Time for another example. How can we swap the arguments to outer product just using rank (so no ⍨
or ⍉
)? In other words, go from this:
1 2 3∘.×1 2 3 4 5
1 2 3 4 5 2 4 6 8 10 3 6 9 12 15
to this:
1 2 3 4 5∘.×1 2 3
1 2 3 2 4 6 3 6 9 4 8 12 5 10 15
The first thing to note is that we can express the starting product as “each element to the left times the whole thing on the right”:
1 2 3×⍤0 1⊢1 2 3 4 5
1 2 3 4 5 2 4 6 8 10 3 6 9 12 15
The reversed argument order then becomes “the whole thing on the left times each element to the right”, or simply the reversed rank:
1 2 3×⍤1 0⊢1 2 3 4 5
1 2 3 2 4 6 3 6 9 4 8 12 5 10 15
A really useful function (let’s call it “Sane Indexing” or “Select”) is to select the major cells of the right argument as indexed by the left argument.

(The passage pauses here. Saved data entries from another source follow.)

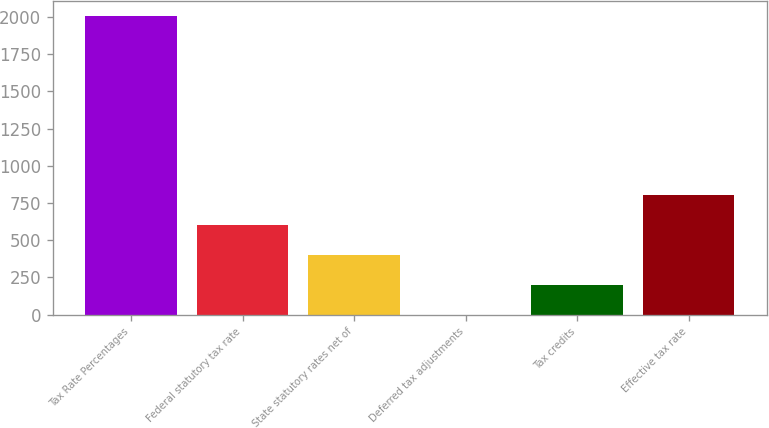Convert chart to OTSL. <chart><loc_0><loc_0><loc_500><loc_500><bar_chart><fcel>Tax Rate Percentages<fcel>Federal statutory tax rate<fcel>State statutory rates net of<fcel>Deferred tax adjustments<fcel>Tax credits<fcel>Effective tax rate<nl><fcel>2008<fcel>602.89<fcel>402.16<fcel>0.7<fcel>201.43<fcel>803.62<nl></chart> 
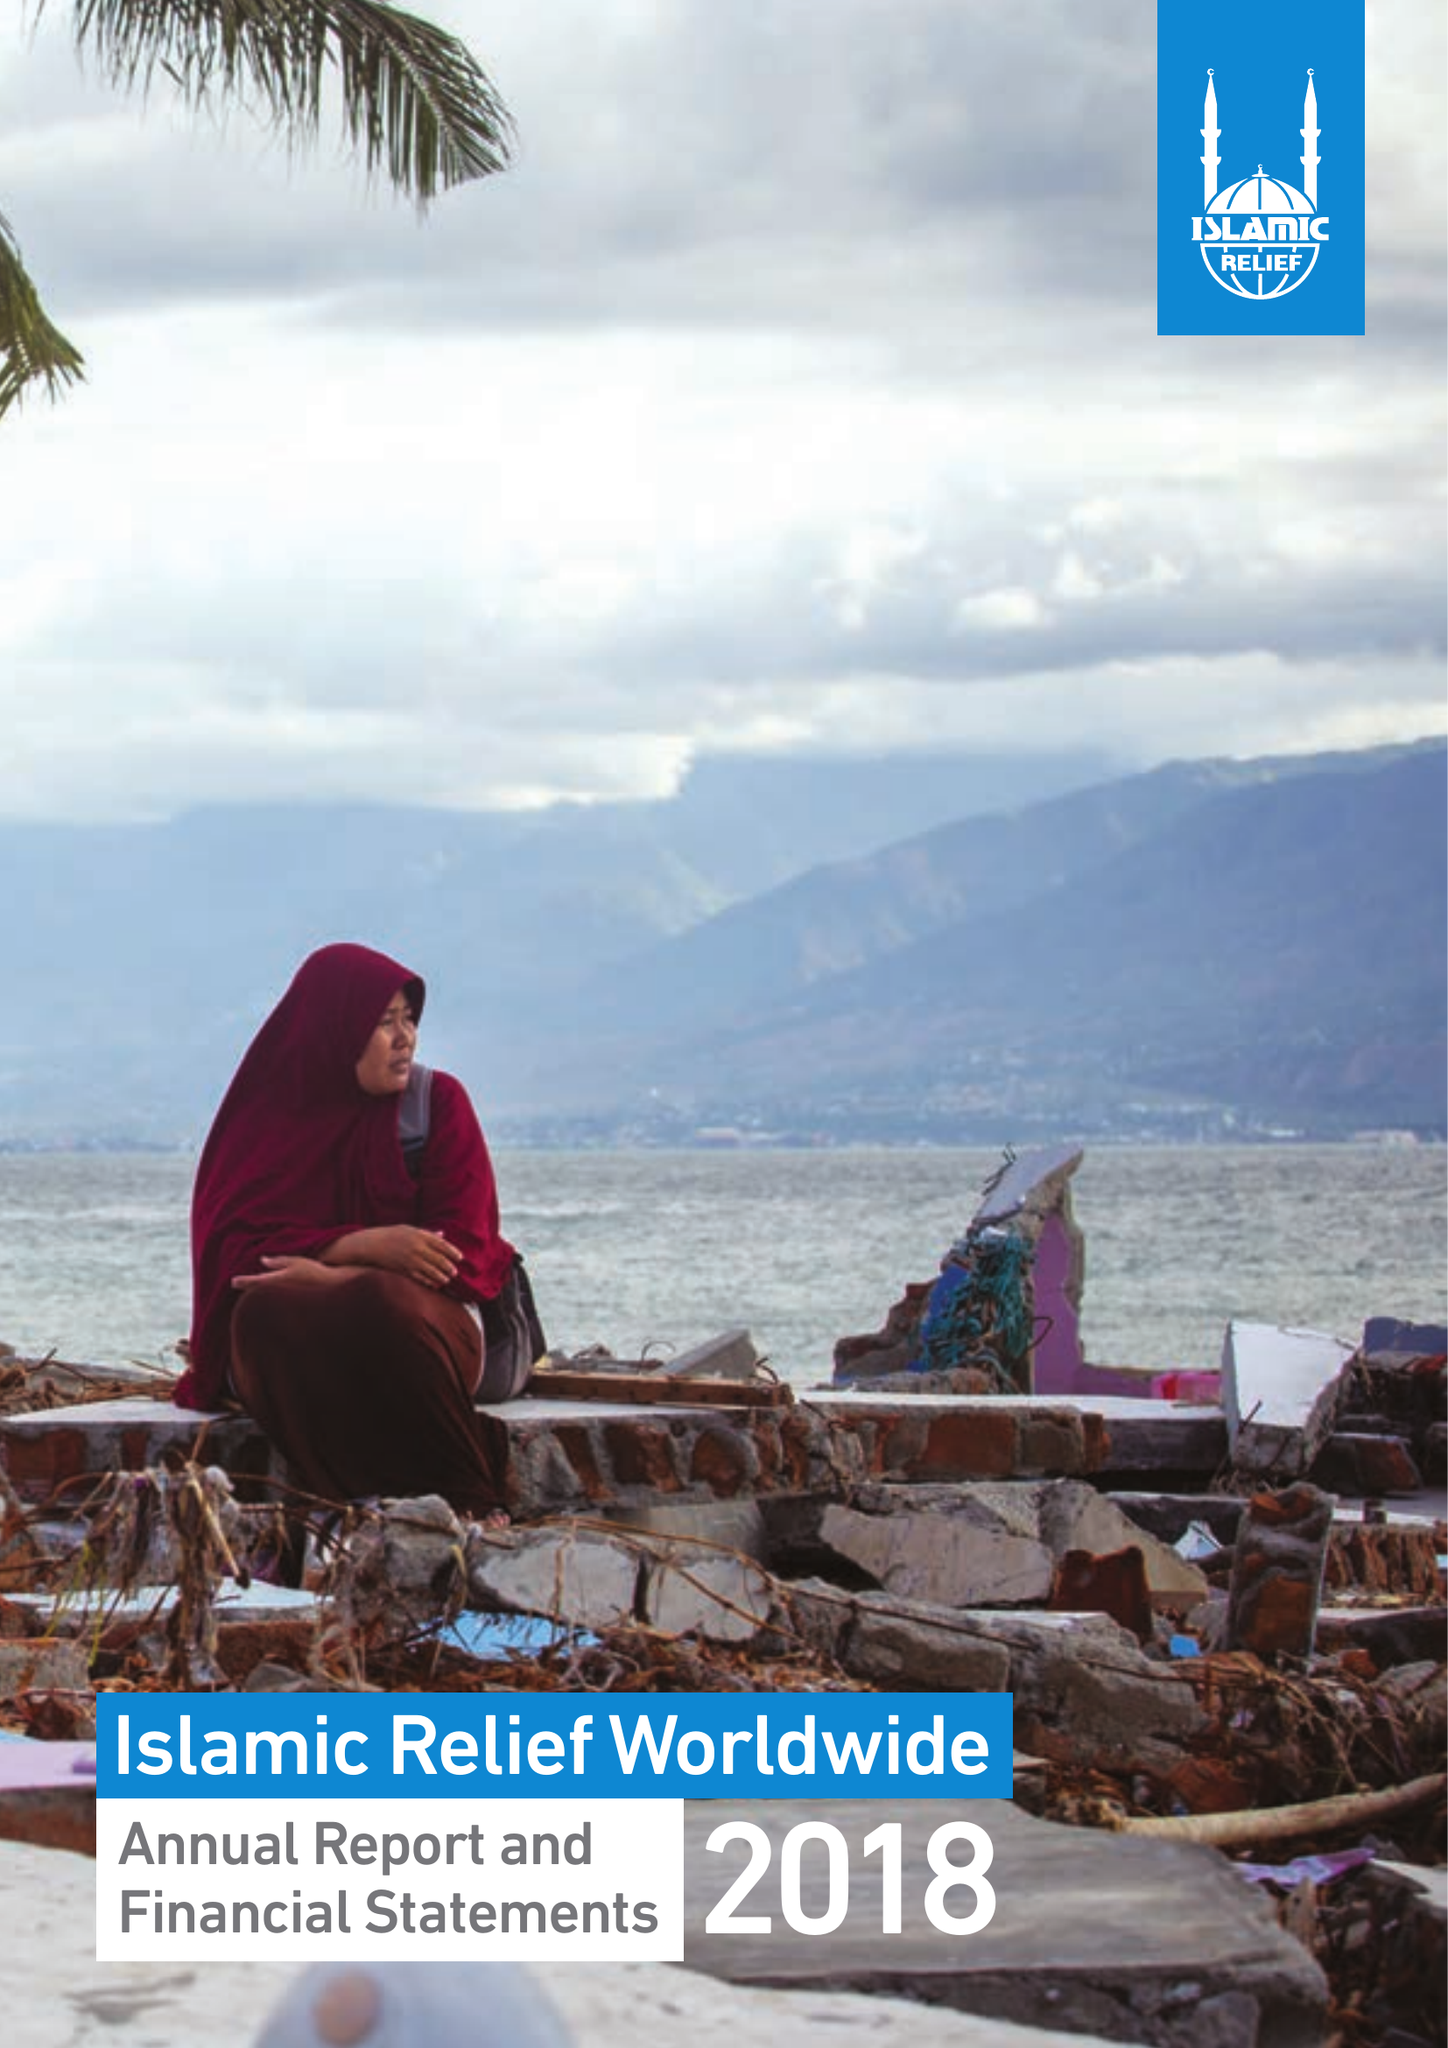What is the value for the address__street_line?
Answer the question using a single word or phrase. 19 REA STREET SOUTH 
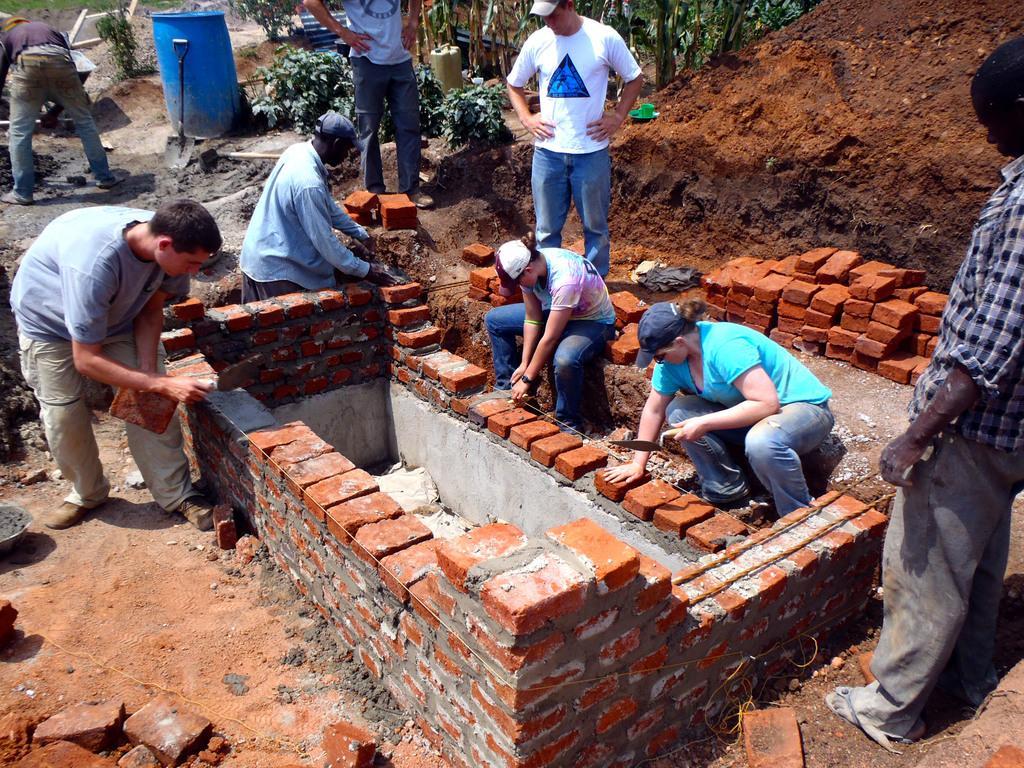Please provide a concise description of this image. In the image I can see some people who are constructing with the bricks and also I can see some plants, people, bricks and some sand.

For example, 2 3 1 2 Select 'abcdef'
would give 'bcab'
. Squad indexing, ⌷
, only lets you choose a single major cell. Can we define Select
in terms of ⌷
with the help or rank? We need to pair each element from the left argument with the whole of the right argument, whatever rank it may be:
Select←⌷⍤0 99
2 3 1 2 Select 'abcdef'
bcab
We could, in fact, have used any number greater than Dyalog’s max rank (15) to represent the full rank of the argument, but 99 has come to be used for this purpose. It is actually fairly common to want the target rank to be dependent on the argument rank. For that purpose, ⍤
allows you to specify a negative number, which means that the target rank is that number subtracted from the argument rank. So f⍤¯1 ¯2
is the same as
{⍺ f⍤(¯1+≢⍴⍺)(¯2+≢⍴⍵)⊢⍵}
You can also mix-and-match positive and negative ranks.